Simple Installation and Setup

Setup and commissioning is also many times easier because the need for false echo suppression is largely eliminated. The smart plics concept makes setup even easier (see box). And another feature makes the installation safe and reliable: the very narrow measuring beam allows Vegapuls 64 to be mounted on existing gauge sockets. This is interesting for all applications where the whole vessel has been approved by a pressure test and may no longer be changed.

Normally, a socket causes interfering signals. Not so with Vegapuls 64: its narrow measuring beam just goes right past the edges of the socket. Dismantling or changing the socket is therefore not necessary for reliable operation of the instrument. This makes things a lot easier for the oil/gas industry. There, it is now standard practice to install a ball valve between the tank and the measuring instrument, so that the instrument can be safely removed, just in case.
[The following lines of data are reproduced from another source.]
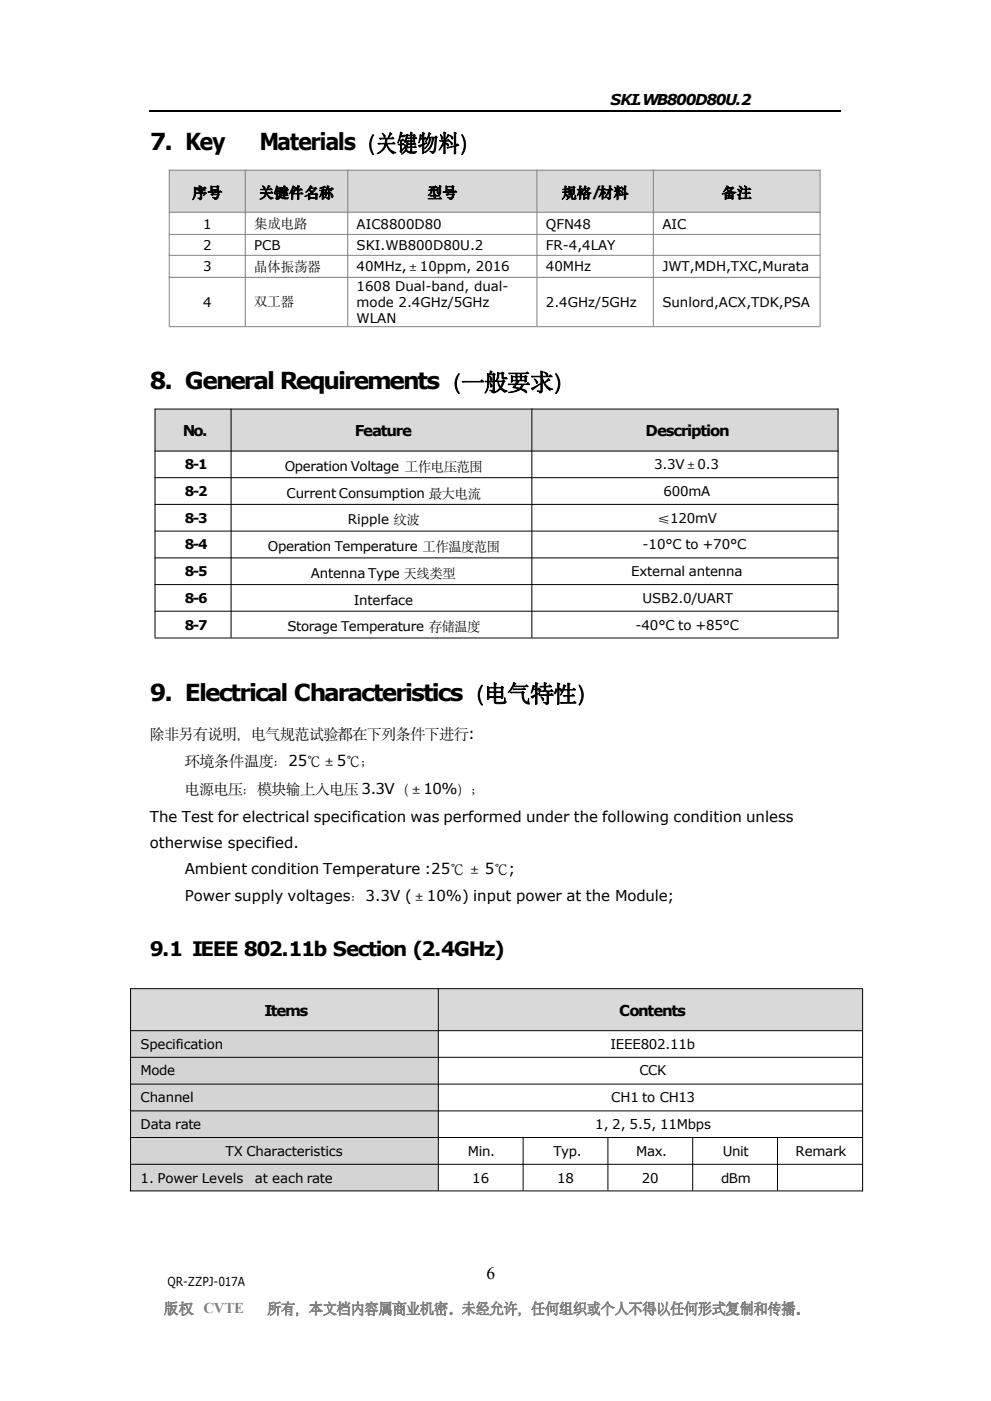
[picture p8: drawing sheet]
<svg xmlns="http://www.w3.org/2000/svg" width="210mm" height="297mm" viewBox="0 0 210 297" stroke-linecap="round" stroke-linejoin="round" font-family="sans-serif">
<defs><g id="words">
<g font-size="5">
<text x="31.7" y="31.9">7. Key</text>
<text x="55" y="31.9">Materials（关键物料）</text>
<text x="31.7" y="82.6">8. General Requirements（一般要求）</text>
<text x="31.7" y="148.6">9. Electrical Characteristics（电气特性）</text>
</g>
<text font-size="4.2" x="31.7" y="202.8">9.1 IEEE 802.11b Section (2.4GHz)</text>
<text font-size="3.7" x="103.2" y="271.2">6</text>
<g font-size="3.2">
<text x="129.4" y="22.3">SKI.WB800D80U.2</text>
<text x="40.8" y="41.8">序号</text>
<text x="54.9" y="41.8">关键件名称</text>
<text x="90.6" y="41.8">型号</text>
<text x="119.1" y="41.8">规格/材料</text>
<text x="153" y="41.8">备注</text>
<text x="38.7" y="92.4">No.</text>
<text x="75.2" y="92.4">Feature</text>
<text x="136.9" y="92.4">Description</text>
<text x="31.7" y="156.7">除非另有说明，电气规范试验都在下列条件下进行:</text>
<text x="39.2" y="162.5">环境条件温度：25℃±5℃；</text>
<text x="39.2" y="168.4">电源电压：模块输上入电压 3.3V（±10%）；</text>
<text x="31.7" y="174.2">The Test for electrical specification was performed under the following condition unless</text>
<text x="31.7" y="179.7">otherwise specified.</text>
<text x="39.2" y="185.3">Ambient condition Temperature :25℃± 5℃;</text>
<text x="39.2" y="191">Power supply voltages：3.3V (±10%) input power at the Module;</text>
<text x="56.1" y="215.4">Items</text>
<text x="131.2" y="215.4">Contents</text>
</g>
<g font-size="3.2" fill="#808080">
<text x="34.7" y="278.5">版权 CVTE</text>
<text x="56.6" y="278.5">所有，本文档内容属商业机密。未经允许，任何组织或个人不得以任何形式复制和传播。</text>
</g>
<g font-size="2.8">
<text x="43.1" y="48.4">1</text>
<text x="43.1" y="53">2</text>
<text x="53.9" y="48.3">集成电路</text>
<text x="53.9" y="53">PCB</text>
<text x="75.6" y="48.4">AIC8800D80</text>
<text x="75.6" y="53">SKI.WB800D80U.2</text>
<text x="115.7" y="48.4">QFN48</text>
<text x="115.7" y="53">FR-4,4LAY</text>
<text x="140.4" y="48.4">AIC</text>
<text x="43.1" y="57.5">3</text>
<text x="53.9" y="57.4">晶体振荡器</text>
<text x="75.6" y="57.4">40MHz,±10ppm, 2016</text>
<text x="115.7" y="57.5">40MHz</text>
<text x="140.4" y="57.5">JWT,MDH,TXC,Murata</text>
<text x="43.1" y="65.1">4</text>
<text x="53.9" y="64.9">双工器</text>
<text x="75.6" y="61.7">1608 Dual-band, dual-</text>
<text x="75.6" y="65.1">mode 2.4GHz/5GHz</text>
<text x="115.7" y="65.1">2.4GHz/5GHz</text>
<text x="140.4" y="65.1">Sunlord,ACX,TDK,PSA</text>
<text x="75.6" y="68.6">WLAN</text>
<text x="39.2" y="99.5">8-1</text>
<text x="60.4" y="99.8">Operation Voltage 工作电压范围</text>
<text x="138.7" y="99.4">3.3V±0.3</text>
<text x="39.2" y="105.2">8-2</text>
<text x="60.7" y="105.5">Current Consumption 最大电流</text>
<text x="140.7" y="105.2">600mA</text>
<text x="39.2" y="110.8">8-3</text>
<text x="73.7" y="111.2">Ripple 纹波</text>
<text x="139.3" y="110.8">≤120mV</text>
<text x="39.2" y="116.5">8-4</text>
<text x="56.8" y="116.9">Operation Temperature 工作温度范围</text>
<text x="136.2" y="116.5">-10°C to +70°C</text>
<text x="39.2" y="122.1">8-5</text>
<text x="65.9" y="122.5">Antenna Type 天线类型</text>
<text x="133.8" y="122.1">External antenna</text>
<text x="39.2" y="127.9">8-6</text>
<text x="75" y="128.4">Interface</text>
<text x="136.2" y="127.8">USB2.0/UART</text>
<text x="39.2" y="133.5">8-7</text>
<text x="60.9" y="133.8">Storage Temperature 存储温度</text>
<text x="134.7" y="133.5">-40°C to +85°C</text>
<text x="29.8" y="222.4">Specification</text>
<text x="129.4" y="222.4">IEEE802.11b</text>
<text x="29.8" y="228">Mode</text>
<text x="29.8" y="233.7">Channel</text>
<text x="129.5" y="233.7">CH1 to CH13</text>
<text x="135.6" y="228">CCK</text>
<text x="29.8" y="239.4">Data rate</text>
<text x="126.2" y="239.4">1, 2, 5.5, 11Mbps</text>
<text x="47.8" y="245">TX Characteristics</text>
<text x="99.2" y="245">Min.</text>
<text x="117.3" y="245">Typ.</text>
<text x="134.9" y="245">Max.</text>
<text x="153.2" y="245">Unit</text>
<text x="168.7" y="245">Remark</text>
<text x="29.8" y="250.7">1. Power Levels</text>
<text x="54" y="250.7">at each rate</text>
<text x="100.1" y="250.8">16</text>
<text x="118.1" y="250.8">18</text>
<text x="136.1" y="250.8">20</text>
<text x="152.9" y="250.7">dBm</text>
</g>
<text font-size="2.6" x="35.5" y="272.7">QR-ZZPJ-017A</text>
</g></defs>
<path d="M31.7 23.5h146.6" fill="none" stroke="#000" stroke-width=".25"/>
<g fill="#d9d9d9">
<path d="M35.9 36.1h16.1v8.9h-16.1z" fill-rule="evenodd"/>
<path d="M52.1 36.1h21.6v8.9h-21.6z" fill-rule="evenodd"/>
<path d="M73.8 36.1h40v8.9h-40z" fill-rule="evenodd"/>
<path d="M113.9 36.1h24.6v8.9h-24.6z" fill-rule="evenodd"/>
<path d="M138.6 36.1h35.2v8.9h-35.2z" fill-rule="evenodd"/>
</g>
<path d="M35.8 36.1h138.1M35.9 36v33.2M52 36v33.2M73.7 36v33.2M113.8 36v33.2M138.5 36v33.2M173.8 36v33.2M35.8 45h138.1M35.8 49.7h138.1M35.8 54.1h138.1M35.8 58.8h138.1M35.8 69.3h138.1" fill="none" stroke="#808080" stroke-width=".21"/>
<g fill="#d9d9d9">
<path d="M32.9 86.8h16v8.8h-16z" fill-rule="evenodd"/>
<path d="M49 86.8h63.7v8.8h-63.7z" fill-rule="evenodd"/>
<path d="M112.8 86.8h64.8v8.8h-64.8z" fill-rule="evenodd"/>
</g>
<g fill="none" stroke="#000" stroke-width=".21">
<path d="M32.8 86.7h144.9M32.8 95.6h144.9M32.9 86.6v48.6M49 86.6v48.6M112.7 86.6v48.6M177.7 86.6v48.6M32.8 101.3h144.9M32.8 106.9h144.9M32.8 112.6h144.9M32.8 118.3h144.9M32.8 123.9h144.9M32.8 129.6h144.9"/>
<path d="M32.8 135.3h144.9"/>
</g>
<g fill="#d9d9d9">
<path d="M27.7 209.7h65.2v8.8h-65.2z" fill-rule="evenodd"/>
<path d="M93 209.7h89.8v8.8h-89.8z" fill-rule="evenodd"/>
</g>
<g fill="#d4d4d4">
<path d="M27.7 218.6h65.2v5.5h-65.2z" fill-rule="evenodd"/>
<path d="M27.7 224.2h65.2v5.6h-65.2z" fill-rule="evenodd"/>
<path d="M27.7 229.9h65.2v5.6h-65.2z" fill-rule="evenodd"/>
<path d="M27.7 235.6h65.2v5.5h-65.2z" fill-rule="evenodd"/>
<path d="M27.7 241.2h65.2v5.6h-65.2z" fill-rule="evenodd"/>
<path d="M27.7 246.9h65.2v5.6h-65.2z" fill-rule="evenodd"/>
</g>
<g fill="none" stroke="#000" stroke-width=".21">
<path d="M27.6 209.6h155.3M27.6 218.5h155.3M27.7 209.5v43.1M92.9 209.5v42.9M182.9 209.7v42.9M27.6 224.2h155.3M27.6 229.8h155.3M27.6 235.5h155.3M27.6 241.2h155.3M27.6 246.9h155.3M27.6 252.5h155.3M110.9 241.1v11.3"/>
<path d="M128.9 241.1v11.3M146.8 241.1v11.3M164.8 241.1v11.3"/>
</g>
<use href="#words"/>
</svg>

This configuration is now also common in nylon production. The problem: ball valves used to cause strong interfering reflections — the new Vegapuls 64 avoids this, ensuring reliable measuring results. Vegapuls 64 comes with different antenna systems in different sizes. At the moment, the thread sizes on offer are ¾ inch (beam angle 14°), 1½ inch (7°), DN 50 (6°) and DN 80 (3°). For hygienic applications there are other process fittings available, e.g. those complying with 3A and EHEDG, where only PTFE serves as the wetted material. The smaller beam angle has other implications as well. “Thanks to the good focusing you can select a smaller antenna,” says Hengstler. The process fitting of the smallest antenna is no larger than a 1-euro coin.